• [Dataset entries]

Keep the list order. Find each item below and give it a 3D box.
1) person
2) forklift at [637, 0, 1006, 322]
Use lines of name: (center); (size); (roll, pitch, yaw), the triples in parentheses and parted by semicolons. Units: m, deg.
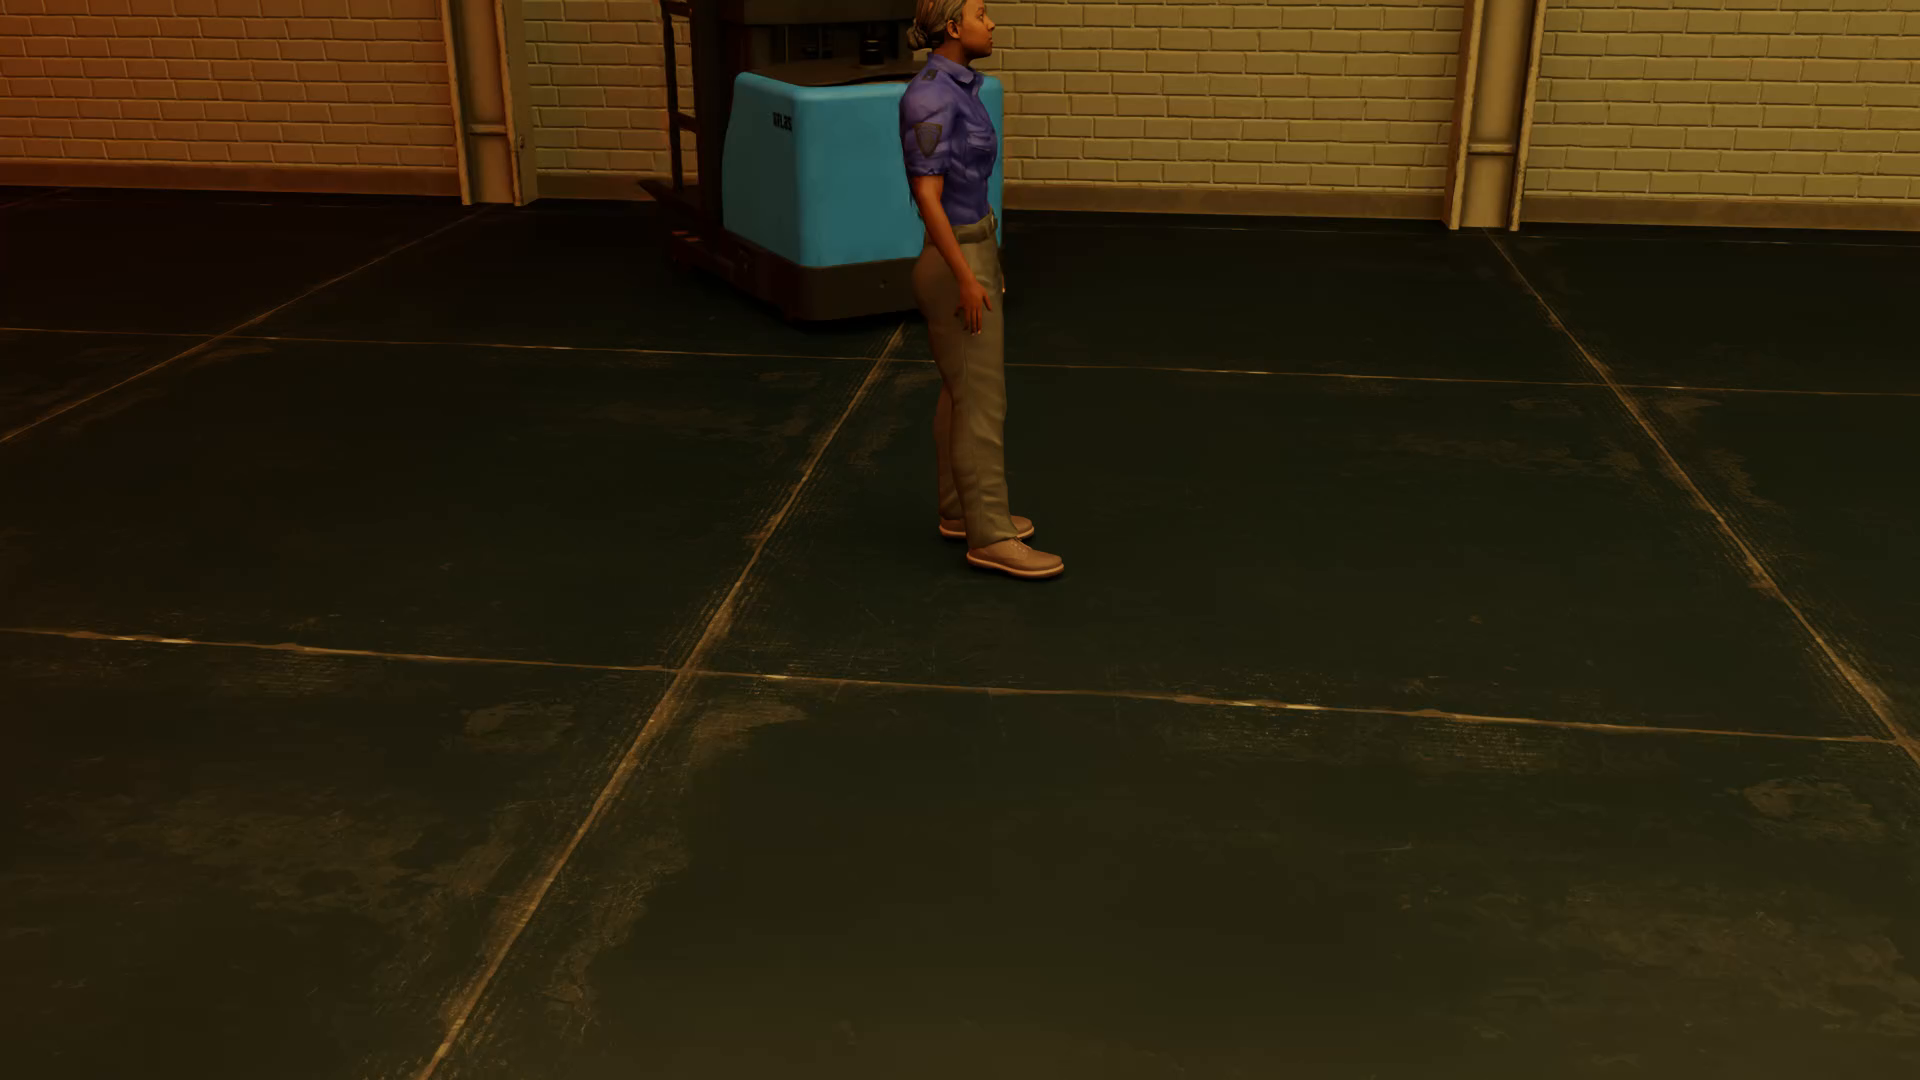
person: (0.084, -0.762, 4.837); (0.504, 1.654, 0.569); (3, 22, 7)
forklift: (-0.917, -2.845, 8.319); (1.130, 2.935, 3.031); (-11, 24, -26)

• [Assigned task] Would you return the data above exactly as written, minus the images?

• [Result of the exercise]
Keep the list order. Find each item below and give it a 3D box.
1) person
2) forklift at [637, 0, 1006, 322]
Use lines of name: (center); (size); (roll, pitch, yaw), the triples in parentheses and parted by semicolons. Units: m, deg.
person: (0.084, -0.762, 4.837); (0.504, 1.654, 0.569); (3, 22, 7)
forklift: (-0.917, -2.845, 8.319); (1.130, 2.935, 3.031); (-11, 24, -26)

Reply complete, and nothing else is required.